İkincisi, stabilcoinleri içeren işlemlerin vergilendirilmesi de uluslararası bazda dikkate alınmalıdır; özellikle de stabilcoinlerin sınıflandırılmasına ilişkin yargı bölgelerinin farklı vergi duruşları benimsemesi durumunda zorluklar ortaya çıkabileceğinden. Örneğin, A ülkesindeki A ve B ülkesindeki B, stabilcoinleri geleneksel para birimleriyle değiştiriyor. A ülkesinin stabilcoin'leri mülk olarak kabul ettiğini, yani kazançların gerçekleşmesinin sermaye kazancı vergisine tabi olduğunu, B ülkesinin ise işlemi takas hizmeti sağlama olarak değerlendirdiğini varsayarsak. Ayrıca A'nın B ülkesi ile yeterli bağları olduğu ve dolayısıyla B ülkesinin, A'nın işlemden elde ettiği gelirin bir kısmını vergilendirme hakkına sahip olduğu varsayılmaktadır; bu durum, A ile B arasındaki stablecoin değişiminden elde edilen kazançların çifte vergilendirilmesine yol açabilir. Her iki ülkede de vergilendirmenin olmaması, her yargı bölgesindeki stabilcoin kazançlarının farklı vergi sınıflandırmaları nedeniyle de mümkündür. Örneğin, A ülkesi, stabilcoin alışverişinden elde edilen kazançları, B ülkesiyle yeterli bağları olan ticari kazanç olarak değerlendirebilir ve bu nedenle vergilendirme hakları B ülkesine aittir; B ülkesi ise stabilcoinleri mülk olarak sınıflandırır, dolayısıyla kazançlara ilişkin birincil vergi hakları A ülkesine aittir. .

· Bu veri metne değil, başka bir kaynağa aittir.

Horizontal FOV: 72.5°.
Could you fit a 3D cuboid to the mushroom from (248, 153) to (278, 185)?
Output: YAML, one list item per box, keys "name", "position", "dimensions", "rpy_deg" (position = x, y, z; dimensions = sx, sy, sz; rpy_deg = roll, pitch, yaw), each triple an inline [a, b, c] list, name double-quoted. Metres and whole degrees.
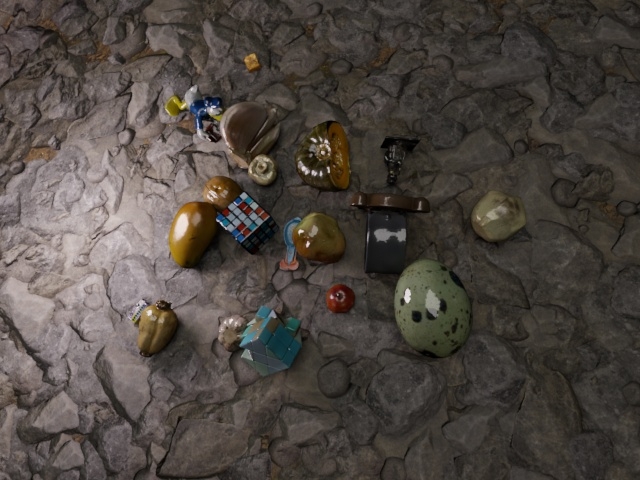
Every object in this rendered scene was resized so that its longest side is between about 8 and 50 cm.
- name: "mushroom"
  position: [-0.268, -0.331, 2.047]
  dimensions: [0.148, 0.112, 0.147]
  rpy_deg: [0, 76, -1]

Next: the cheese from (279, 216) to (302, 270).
- name: "cheese"
  position: [-0.124, 0.014, 1.959]
  dimensions: [0.106, 0.037, 0.255]
  rpy_deg: [6, 75, 11]

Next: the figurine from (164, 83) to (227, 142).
- name: "figurine"
  position: [-0.563, -0.606, 2.100]
  dimensions: [0.205, 0.339, 0.283]
  rpy_deg: [-30, 109, -34]

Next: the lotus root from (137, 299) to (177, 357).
- name: "lotus root"
  position: [-0.705, 0.370, 1.870]
  dimensions: [0.155, 0.140, 0.256]
  rpy_deg: [22, 86, 0]

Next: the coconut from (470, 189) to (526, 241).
- name: "coconut"
  position: [0.734, -0.108, 1.795]
  dimensions: [0.225, 0.224, 0.224]
  rpy_deg: [-2, 72, 7]

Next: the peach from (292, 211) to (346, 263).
- name: "peach"
  position: [0.000, 0.000, 1.856]
  dimensions: [0.235, 0.214, 0.214]
  rpy_deg: [44, 82, -3]

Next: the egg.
- name: "egg"
  position: [0.427, 0.255, 1.664]
  dimensions: [0.288, 0.287, 0.378]
  rpy_deg: [-4, 88, 7]

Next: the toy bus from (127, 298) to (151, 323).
- name: "toy bus"
  position: [-0.803, 0.316, 1.945]
  dimensions: [0.058, 0.052, 0.102]
  rpy_deg: [33, 81, 14]

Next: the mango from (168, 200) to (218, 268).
- name: "mango"
  position: [-0.575, -0.031, 1.954]
  dimensions: [0.211, 0.173, 0.317]
  rpy_deg: [30, 101, 29]

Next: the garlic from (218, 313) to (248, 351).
- name: "garlic"
  position: [-0.357, 0.387, 1.834]
  dimensions: [0.148, 0.102, 0.159]
  rpy_deg: [21, 100, 12]

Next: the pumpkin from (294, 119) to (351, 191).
- name: "pumpkin"
  position: [0.010, -0.366, 1.995]
  dimensions: [0.232, 0.242, 0.324]
  rpy_deg: [-9, 73, 36]

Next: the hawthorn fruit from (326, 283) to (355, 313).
- name: "hawthorn fruit"
  position: [0.087, 0.243, 1.812]
  dimensions: [0.125, 0.140, 0.125]
  rpy_deg: [4, 80, -24]

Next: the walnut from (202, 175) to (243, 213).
- name: "walnut"
  position: [-0.446, -0.210, 2.012]
  dimensions: [0.207, 0.167, 0.167]
  rpy_deg: [34, 80, 19]

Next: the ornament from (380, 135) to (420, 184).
- name: "ornament"
  position: [0.348, -0.346, 1.964]
  dimensions: [0.154, 0.166, 0.195]
  rpy_deg: [6, 85, 0]

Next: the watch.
- name: "watch"
  position: [0.268, -0.024, 1.801]
  dimensions: [0.315, 0.335, 0.326]
  rpy_deg: [5, 92, 4]

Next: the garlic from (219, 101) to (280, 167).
- name: "garlic"
  position: [-0.343, -0.519, 2.065]
  dimensions: [0.132, 0.279, 0.324]
  rpy_deg: [22, 83, 50]

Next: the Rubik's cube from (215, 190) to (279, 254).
- name: "Rubik's cube"
  position: [-0.320, -0.073, 1.936]
  dimensions: [0.184, 0.182, 0.187]
  rpy_deg: [40, 82, 16]

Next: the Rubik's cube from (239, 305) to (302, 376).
- name: "Rubik's cube"
  position: [-0.179, 0.399, 1.741]
  dimensions: [0.265, 0.224, 0.213]
  rpy_deg: [48, 40, -14]

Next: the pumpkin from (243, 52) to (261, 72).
- name: "pumpkin"
  position: [-0.359, -0.932, 2.290]
  dimensions: [0.074, 0.054, 0.083]
  rpy_deg: [-21, 92, 4]
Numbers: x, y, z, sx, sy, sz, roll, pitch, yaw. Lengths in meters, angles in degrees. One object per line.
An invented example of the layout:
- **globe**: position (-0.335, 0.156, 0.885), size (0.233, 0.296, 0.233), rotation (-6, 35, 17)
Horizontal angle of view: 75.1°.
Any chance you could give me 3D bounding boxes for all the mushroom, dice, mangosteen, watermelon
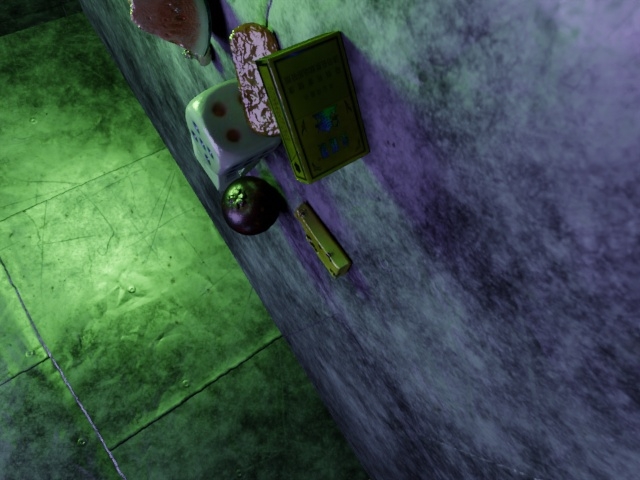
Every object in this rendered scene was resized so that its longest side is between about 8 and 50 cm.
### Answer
- **mushroom**: position (-0.361, -0.549, 1.214), size (0.085, 0.079, 0.085), rotation (45, 154, 30)
- **dice**: position (-0.227, -0.293, 1.090), size (0.192, 0.193, 0.194), rotation (60, 160, -6)
- **mangosteen**: position (-0.227, -0.112, 1.375), size (0.210, 0.209, 0.210), rotation (49, 158, 27)
- **watermelon**: position (-0.392, -0.606, 1.033), size (0.318, 0.226, 0.148), rotation (43, 130, 12)

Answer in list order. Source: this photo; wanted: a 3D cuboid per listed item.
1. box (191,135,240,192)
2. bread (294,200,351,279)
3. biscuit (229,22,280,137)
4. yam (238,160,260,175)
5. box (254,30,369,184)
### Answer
- **box**: position (-0.390, -0.343, 1.549), size (0.200, 0.106, 0.299), rotation (55, 159, 12)
- **bread**: position (0.000, 0.000, 1.177), size (0.226, 0.049, 0.088), rotation (53, 160, 18)
- **biscuit**: position (-0.134, -0.350, 0.931), size (0.118, 0.029, 0.247), rotation (6, 126, 18)
- **yam**: position (-0.239, -0.298, 1.248), size (0.183, 0.107, 0.107), rotation (60, 161, 1)
- **box**: position (-0.008, -0.227, 0.728), size (0.064, 0.140, 0.220), rotation (28, 145, 55)
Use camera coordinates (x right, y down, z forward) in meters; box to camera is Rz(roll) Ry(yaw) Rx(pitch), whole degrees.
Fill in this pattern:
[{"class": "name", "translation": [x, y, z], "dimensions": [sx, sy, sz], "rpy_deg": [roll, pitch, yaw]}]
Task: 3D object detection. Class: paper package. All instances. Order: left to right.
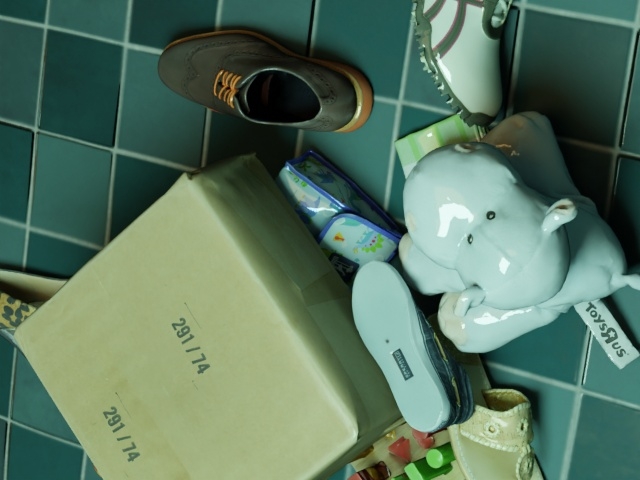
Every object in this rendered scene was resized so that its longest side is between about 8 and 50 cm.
[{"class": "paper package", "translation": [-0.111, 0.132, 1.866], "dimensions": [0.309, 0.168, 0.325], "rpy_deg": [-40, 80, 25]}]

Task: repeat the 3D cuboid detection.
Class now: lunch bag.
[{"class": "lunch bag", "translation": [0.000, 0.000, 1.939], "dimensions": [0.151, 0.096, 0.129], "rpy_deg": [38, 114, 7]}]

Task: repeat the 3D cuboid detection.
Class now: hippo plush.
[{"class": "hippo plush", "translation": [0.169, 0.022, 1.717], "dimensions": [0.294, 0.236, 0.234], "rpy_deg": [48, 110, 15]}]

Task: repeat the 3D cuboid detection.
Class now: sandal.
[{"class": "sandal", "translation": [0.176, 0.174, 1.838], "dimensions": [0.240, 0.088, 0.079], "rpy_deg": [64, 147, 14]}]

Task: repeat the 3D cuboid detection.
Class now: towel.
[{"class": "towel", "translation": [0.142, -0.051, 1.876], "dimensions": [0.113, 0.023, 0.152], "rpy_deg": [-22, 84, 32]}]

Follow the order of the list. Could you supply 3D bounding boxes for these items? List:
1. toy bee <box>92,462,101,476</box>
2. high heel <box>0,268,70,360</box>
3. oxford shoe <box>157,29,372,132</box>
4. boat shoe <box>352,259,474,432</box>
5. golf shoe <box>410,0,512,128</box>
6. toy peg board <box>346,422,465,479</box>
[{"class": "toy bee", "translation": [-0.161, 0.282, 2.038], "dimensions": [0.298, 0.162, 0.195], "rpy_deg": [6, 98, 32]}, {"class": "high heel", "translation": [-0.321, 0.043, 2.142], "dimensions": [0.186, 0.093, 0.261], "rpy_deg": [46, 127, 12]}, {"class": "oxford shoe", "translation": [-0.080, -0.176, 1.956], "dimensions": [0.271, 0.098, 0.097], "rpy_deg": [12, 103, 31]}, {"class": "boat shoe", "translation": [0.093, 0.108, 1.815], "dimensions": [0.065, 0.083, 0.183], "rpy_deg": [-28, 74, 26]}, {"class": "golf shoe", "translation": [0.153, -0.251, 1.797], "dimensions": [0.120, 0.105, 0.273], "rpy_deg": [-12, 91, 26]}, {"class": "toy peg board", "translation": [0.077, 0.210, 1.922], "dimensions": [0.161, 0.079, 0.161], "rpy_deg": [-43, 74, 29]}]
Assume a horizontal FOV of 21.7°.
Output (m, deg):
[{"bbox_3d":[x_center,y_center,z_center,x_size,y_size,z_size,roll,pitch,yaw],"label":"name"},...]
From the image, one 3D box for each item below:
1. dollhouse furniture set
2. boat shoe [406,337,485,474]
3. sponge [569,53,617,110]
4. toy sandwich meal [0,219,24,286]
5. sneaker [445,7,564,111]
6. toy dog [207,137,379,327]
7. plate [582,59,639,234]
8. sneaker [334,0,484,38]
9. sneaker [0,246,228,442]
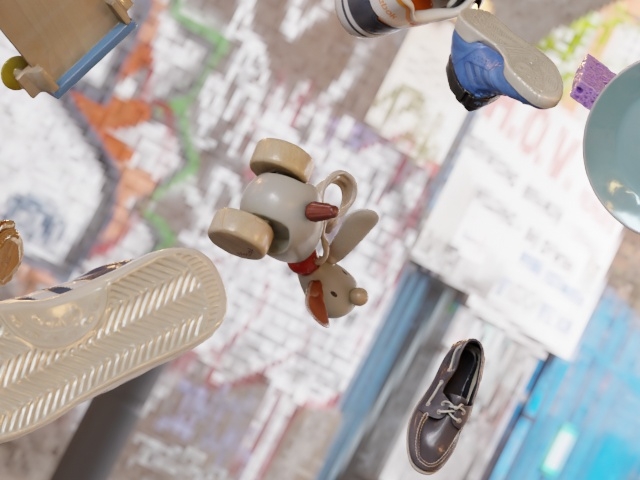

Stablecoin'in merkezi olmadığı varsayılırsa, A ülkesinin ikamete dayalı sermaye kazançları vergisini doğru bir şekilde uygulayabilmesi ve yönetebilmesi için, A ülkesinin vergi departmanı ile stablecoin ihraççısının bulunduğu yargı bölgesinin vergi departmanı arasında bilgi paylaşımı gereklidir. Üçüncü taraf bilgilerine güvenmek, uluslararası vergi sistemlerinin uyum zorluklarını ele almak için geleneksel bir yaklaşımdır; ancak stabilcoinler merkezi değilse ve özel eşler arası işlemler merkezi kurumlar veya aracılar tarafından kaydedilmiyorsa, o zaman üçüncü taraf bilgilerine güvenmek doğru değildir. uygulanabilir veya etkili. Ekonomik İşbirliği ve Kalkınma Örgütü (OECD) tarafından yakın zamanda yayımlanan Kripto Varlıkları Raporlama Çerçevesi (CARF), bu sorunları ele almayı amaçlıyor. CARF, tanımlanmış kripto varlık hizmetlerine dayanarak stabilcoinler de dahil olmak üzere kripto varlıklar için benzer bir işlem bilgisi alışverişi sağlamak amacıyla Ortak Raporlama Standardını (vergi amaçlı finansal hesap bilgilerinin otomatik olarak değişimine yönelik mevcut uluslararası standart) tamamlamayı ve güçlendirmeyi amaçlamaktadır. sağlayıcı raporuna (OECD 2022) göre, bu yeni çerçevenin uygulanması hem yerel hem de uluslararası düzeyde yeni kurallar ve prosedürler gerektirecektir.
Sonuç olarak
Stablecoin'lerin uygun bir alternatif ödeme aracı (sınır ötesi ödemeler dahil) olarak potansiyellerini gerçekleştirmeleri için hem vergi mükellefleri hem de vergi idareleri, stablecoin'leri içeren işlem ve faaliyetlerin vergi muamelesinde kesinlik ve öngörülebilirliğe ihtiyaç duymaktadır. Her ülkenin mevcut vergi kanunları çerçevesinde, vergi idaresi tarafından vergi mükellefleri için çıkarılan ve ideal olarak vergi idaresinin bağlı olduğu açık kurallar, vergiyle ilgili birden fazla hedefe bile ulaşılmasını sağlayabilir. Bununla birlikte, tokenlerin sayısız potansiyel ekonomik işlevi göz önüne alındığında, kapsamlı stabilcoin vergi rehberliğinin oluşturulup oluşturulamayacağı şüpheli olmaya devam ediyor. Bu aynı zamanda vergi sorunlarını da karmaşık hale getirir ve farklı durumlarda vergi yükümlülüğünün belirlenmesinde duruma göre olmasa da daha ayrıntılı bir sınıflandırma ve yaklaşım gerektirebilir.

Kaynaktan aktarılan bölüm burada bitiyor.